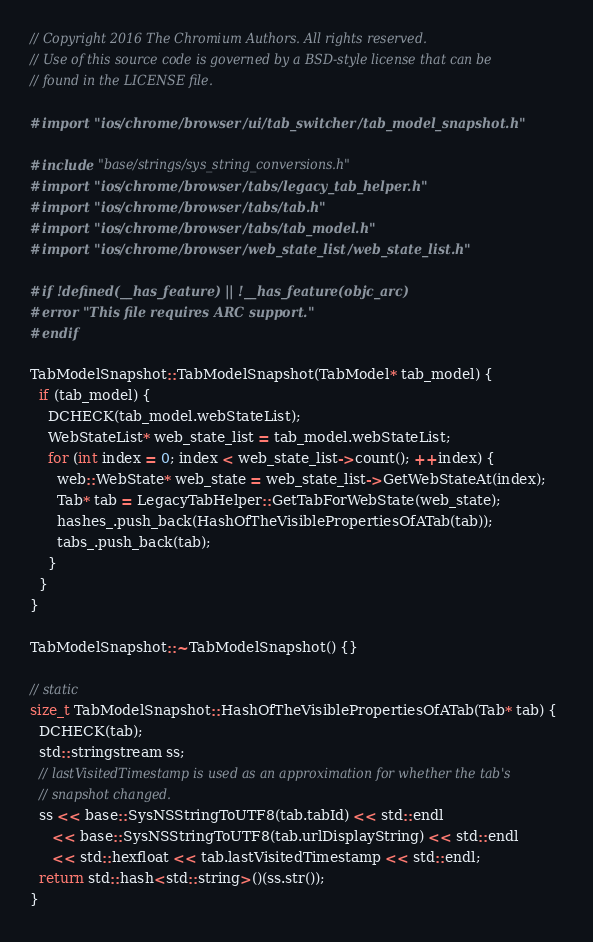<code> <loc_0><loc_0><loc_500><loc_500><_ObjectiveC_>// Copyright 2016 The Chromium Authors. All rights reserved.
// Use of this source code is governed by a BSD-style license that can be
// found in the LICENSE file.

#import "ios/chrome/browser/ui/tab_switcher/tab_model_snapshot.h"

#include "base/strings/sys_string_conversions.h"
#import "ios/chrome/browser/tabs/legacy_tab_helper.h"
#import "ios/chrome/browser/tabs/tab.h"
#import "ios/chrome/browser/tabs/tab_model.h"
#import "ios/chrome/browser/web_state_list/web_state_list.h"

#if !defined(__has_feature) || !__has_feature(objc_arc)
#error "This file requires ARC support."
#endif

TabModelSnapshot::TabModelSnapshot(TabModel* tab_model) {
  if (tab_model) {
    DCHECK(tab_model.webStateList);
    WebStateList* web_state_list = tab_model.webStateList;
    for (int index = 0; index < web_state_list->count(); ++index) {
      web::WebState* web_state = web_state_list->GetWebStateAt(index);
      Tab* tab = LegacyTabHelper::GetTabForWebState(web_state);
      hashes_.push_back(HashOfTheVisiblePropertiesOfATab(tab));
      tabs_.push_back(tab);
    }
  }
}

TabModelSnapshot::~TabModelSnapshot() {}

// static
size_t TabModelSnapshot::HashOfTheVisiblePropertiesOfATab(Tab* tab) {
  DCHECK(tab);
  std::stringstream ss;
  // lastVisitedTimestamp is used as an approximation for whether the tab's
  // snapshot changed.
  ss << base::SysNSStringToUTF8(tab.tabId) << std::endl
     << base::SysNSStringToUTF8(tab.urlDisplayString) << std::endl
     << std::hexfloat << tab.lastVisitedTimestamp << std::endl;
  return std::hash<std::string>()(ss.str());
}
</code>

********************

* _Prompt_
Figure out the number of lines above in which the string "webStateList" appears. Only the number should be given.

* _Answer section_
2